Fasting is also good for the soul and spirit. It helps us to maintain self-control, so that in times of temptation we have the strength to resist. In other words, fasting is strengthening our will against indulging in certain pleasures that would not be good for us. Fasting prevents us from being slaves to pleasure, and makes us more grateful for God’s creation. “But when you fast, anoint your head and wash your face, that your fasting may not be seen by men but by your Father who is in secret; and your Father who sees in secret will reward you.” (Matthew 6:17-18). Sometimes when certain pleasures come frequently, for example food or sports, things tend to lose their excitement. Fasting helps keep things new and fresh!

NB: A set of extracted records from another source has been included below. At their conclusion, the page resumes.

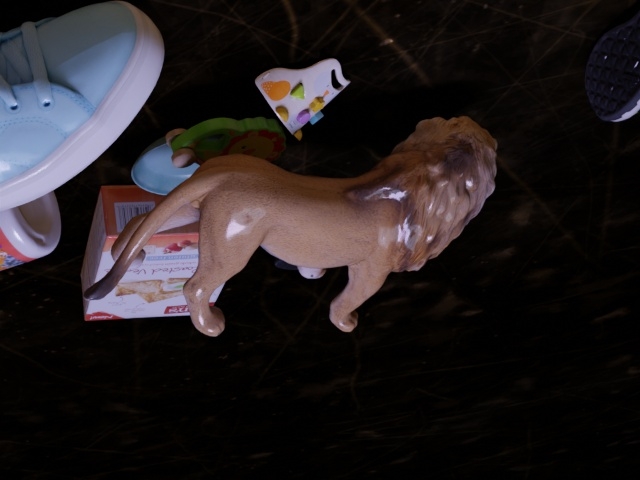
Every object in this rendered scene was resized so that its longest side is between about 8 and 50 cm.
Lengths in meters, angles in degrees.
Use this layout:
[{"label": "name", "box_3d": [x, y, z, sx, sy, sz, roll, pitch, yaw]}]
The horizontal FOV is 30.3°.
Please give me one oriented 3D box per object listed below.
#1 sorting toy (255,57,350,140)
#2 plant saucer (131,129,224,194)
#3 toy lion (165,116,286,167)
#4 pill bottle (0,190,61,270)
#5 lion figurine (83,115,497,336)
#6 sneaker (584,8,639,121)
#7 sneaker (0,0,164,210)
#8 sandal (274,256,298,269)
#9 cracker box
[{"label": "sorting toy", "box_3d": [-0.009, -0.139, 1.116, 0.075, 0.045, 0.083, -34, 153, 5]}, {"label": "plant saucer", "box_3d": [-0.133, -0.082, 1.200, 0.119, 0.021, 0.119, -9, 156, -4]}, {"label": "toy lion", "box_3d": [-0.085, -0.092, 1.139, 0.096, 0.034, 0.100, -28, 152, 17]}, {"label": "pill bottle", "box_3d": [-0.362, -0.010, 1.153, 0.193, 0.108, 0.108, -18, 156, 15]}, {"label": "lion figurine", "box_3d": [-0.016, -0.022, 1.144, 0.392, 0.142, 0.240, -5, 145, -37]}, {"label": "sneaker", "box_3d": [0.340, -0.185, 1.101, 0.097, 0.084, 0.235, -2, 155, -24]}, {"label": "sneaker", "box_3d": [-0.299, -0.096, 0.910, 0.365, 0.135, 0.150, -29, 151, 1]}, {"label": "sandal", "box_3d": [0.000, 0.000, 1.436, 0.067, 0.040, 0.179, 12, 163, -32]}, {"label": "cracker box", "box_3d": [-0.183, 0.017, 1.346, 0.155, 0.067, 0.232, -2, 156, -18]}]
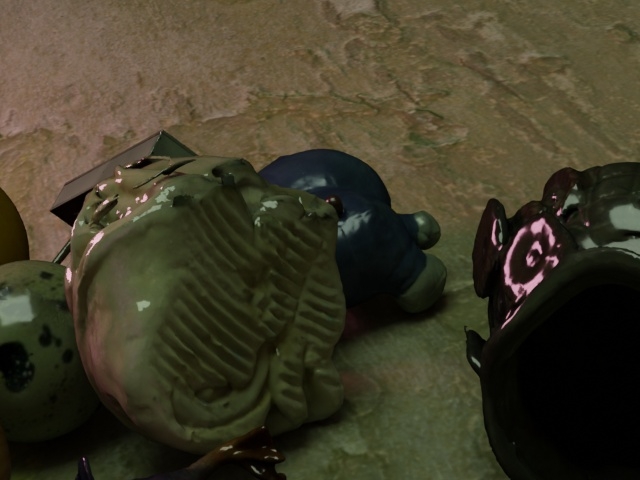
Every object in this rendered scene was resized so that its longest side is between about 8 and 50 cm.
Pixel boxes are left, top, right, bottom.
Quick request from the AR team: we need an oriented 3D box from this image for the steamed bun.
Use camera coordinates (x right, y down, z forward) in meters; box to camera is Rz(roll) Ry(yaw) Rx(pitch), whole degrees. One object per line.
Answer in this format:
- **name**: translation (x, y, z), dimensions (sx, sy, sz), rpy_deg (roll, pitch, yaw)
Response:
- **steamed bun**: translation (-0.130, 0.061, 1.820), dimensions (0.268, 0.280, 0.207), rpy_deg (-3, 3, -42)

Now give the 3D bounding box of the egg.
- **egg**: translation (-0.283, 0.105, 1.930), dimensions (0.177, 0.177, 0.228), rpy_deg (-12, 10, 4)

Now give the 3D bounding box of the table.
- **table**: translation (-0.200, -0.014, 2.102), dimensions (0.240, 0.121, 0.111), rpy_deg (-23, 37, 55)

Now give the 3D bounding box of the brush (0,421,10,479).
- **brush**: translation (-0.332, 0.241, 1.692), dimensions (0.174, 0.166, 0.267), rpy_deg (-7, 27, 17)

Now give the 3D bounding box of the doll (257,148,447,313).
- **doll**: translation (0.000, 0.000, 2.048), dimensions (0.228, 0.154, 0.258), rpy_deg (-23, 21, -10)

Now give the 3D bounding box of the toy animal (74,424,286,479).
- **toy animal**: translation (-0.103, 0.239, 1.634), dimensions (0.298, 0.122, 0.185), rpy_deg (0, 30, 28)

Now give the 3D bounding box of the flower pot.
- **flower pot**: translation (0.250, 0.081, 1.597), dimensions (0.302, 0.302, 0.213), rpy_deg (-4, 29, 19)

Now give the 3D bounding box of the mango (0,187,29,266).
- **mango**: translation (-0.501, 0.076, 2.040), dimensions (0.300, 0.232, 0.445), rpy_deg (17, 47, 39)
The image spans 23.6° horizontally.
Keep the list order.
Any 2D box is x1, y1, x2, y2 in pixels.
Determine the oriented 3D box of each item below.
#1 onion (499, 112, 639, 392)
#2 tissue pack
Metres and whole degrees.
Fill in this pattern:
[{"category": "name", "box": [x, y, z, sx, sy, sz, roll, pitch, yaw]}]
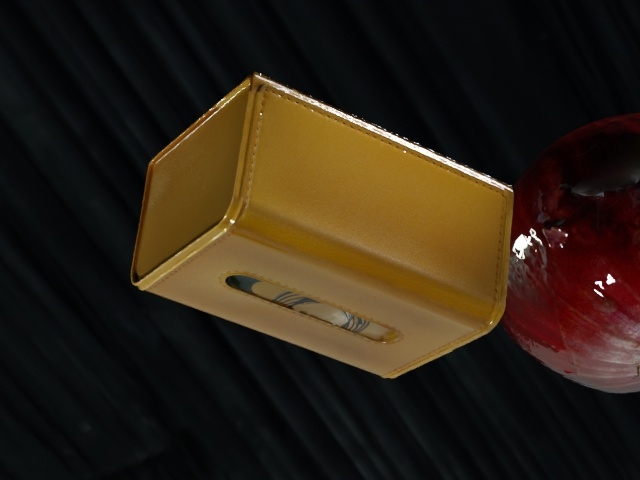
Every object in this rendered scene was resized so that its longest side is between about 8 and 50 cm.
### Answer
[{"category": "onion", "box": [0.347, 0.012, 1.711, 0.341, 0.341, 0.341, -28, 24, 14]}, {"category": "tissue pack", "box": [0.000, 0.000, 1.335, 0.194, 0.274, 0.145, -31, 43, 52]}]
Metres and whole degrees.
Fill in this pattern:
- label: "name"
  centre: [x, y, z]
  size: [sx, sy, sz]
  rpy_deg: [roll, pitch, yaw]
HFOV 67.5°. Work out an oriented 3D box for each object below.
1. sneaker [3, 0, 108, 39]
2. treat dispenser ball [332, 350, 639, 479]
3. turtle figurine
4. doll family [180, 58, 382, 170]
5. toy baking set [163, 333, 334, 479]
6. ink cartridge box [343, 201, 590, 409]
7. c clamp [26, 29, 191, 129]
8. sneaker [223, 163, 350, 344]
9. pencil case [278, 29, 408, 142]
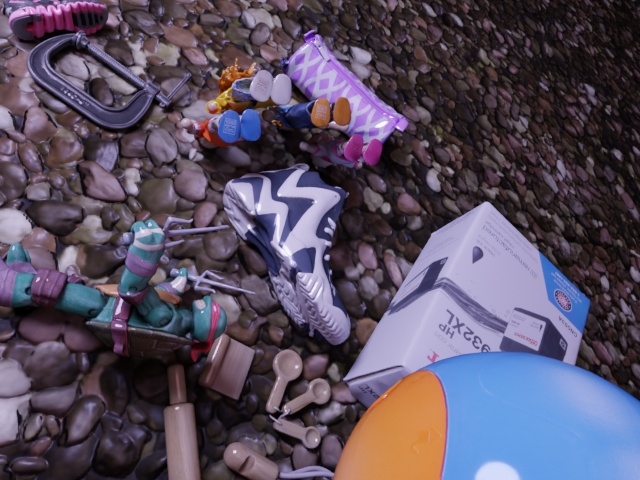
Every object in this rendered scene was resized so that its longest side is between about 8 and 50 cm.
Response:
- label: "sneaker"
  centre: [-0.324, -0.284, 0.588]
  size: [0.119, 0.047, 0.057]
  rpy_deg: [-25, 70, -38]
- label: "treat dispenser ball"
  centre: [0.145, 0.231, 0.363]
  size: [0.288, 0.288, 0.288]
  rpy_deg: [13, 60, -25]
- label: "turtle figurine"
  centre: [-0.170, 0.047, 0.439]
  size: [0.234, 0.175, 0.118]
  rpy_deg: [9, 64, -14]
- label: "doll family"
  centre: [-0.046, -0.165, 0.627]
  size: [0.262, 0.163, 0.118]
  rpy_deg: [6, 94, -28]
- label: "toy baking set"
  centre: [-0.062, 0.222, 0.497]
  size: [0.196, 0.030, 0.256]
  rpy_deg: [5, 64, -29]
- label: "ink cartridge box"
  centre: [0.210, 0.133, 0.642]
  size: [0.223, 0.129, 0.307]
  rpy_deg: [43, 53, -5]
- label: "c clamp"
  centre: [-0.264, -0.204, 0.598]
  size: [0.160, 0.022, 0.137]
  rpy_deg: [31, 60, -17]
- label: "sneaker"
  centre: [0.000, 0.000, 0.604]
  size: [0.153, 0.094, 0.235]
  rpy_deg: [-30, 74, -29]
- label: "pencil case"
  centre: [0.038, -0.229, 0.746]
  size: [0.206, 0.088, 0.086]
  rpy_deg: [41, 55, -8]
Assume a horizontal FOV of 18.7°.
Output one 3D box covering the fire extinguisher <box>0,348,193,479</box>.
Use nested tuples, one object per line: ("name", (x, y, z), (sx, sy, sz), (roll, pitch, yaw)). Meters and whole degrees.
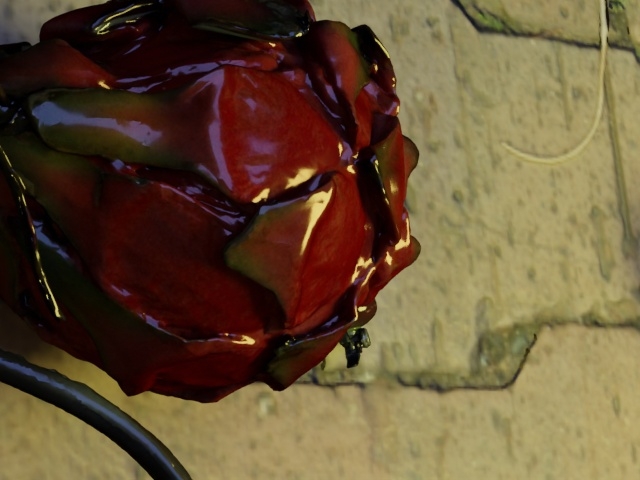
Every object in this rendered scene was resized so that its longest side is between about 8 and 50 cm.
("fire extinguisher", (-0.183, 0.111, 0.868), (0.200, 0.113, 0.376), (-34, 96, -1))

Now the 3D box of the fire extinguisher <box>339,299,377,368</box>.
("fire extinguisher", (0.000, 0.000, 1.128), (0.064, 0.043, 0.158), (34, 39, -78))

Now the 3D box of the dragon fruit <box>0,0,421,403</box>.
("dragon fruit", (-0.087, -0.034, 0.961), (0.293, 0.234, 0.233), (18, 62, -37))

Fasting can serve as a penitential act with value that calls down God’s mercy and it makes atonement (satisfaction) for sins that have occurred in the world. Indeed, many prayers are not answered because sometimes our prayers are not complete until we sacrifice something. I was once told by a very wise priest: “Prayer is elevation of the soul to God and fasting is elevation of the body to God.” Fasting is necessary in prayers of intercession. We can recall in the Gospels how the Apostles were not able to drive a demon out of a person because it could only “be cast out by prayer and fasting.” (Mark 9:29). Prayer must be accompanied with sacrifice to be complete.
Finally, fasting disposes us to a higher form of prayer that we call contemplation where the soul is lifted upward to God. To receive the Spirit of God entails silence before Him deeply immersed in the mysteries of God. If someone is fasting, they are disciplined and less distracted. St. John Chrysostom says, “Fasting is the support of our soul: it gives us wings to ascend on high, and to enjoy the highest contemplation! […] God, like an indulgent father, offers us a cure by fasting.”
Now I know that this may have sparked your enthusiasm for fasting! I know that we are all ready to fast more for the Lord and that is great! But…hold the horses! One final note is to be prudent…do not fast more then your health permits. Fasting should never make you incapable of fulfilling your duties of state in life. Also, in your fasting, are the Fruits of the Spirit more present in your life? Are you a more loving, joyful, peaceful, patient person? All fasting must be done cheerfully. You do not measure holiness by how much someone suffers or sacrifices, but by the love that is in it. It is for Jesus…always for Him. Also, extraordinary penances must be approved by an authority such as a spiritual director or superior. Obedience always before sacrifice!
St. John Vianney once said: “When we must do something we dislike let us say to God, ‘My God I offer you this in honor of the moment when you died for me.’” Reflect today: What does Jesus mean to me? Is He everything to me?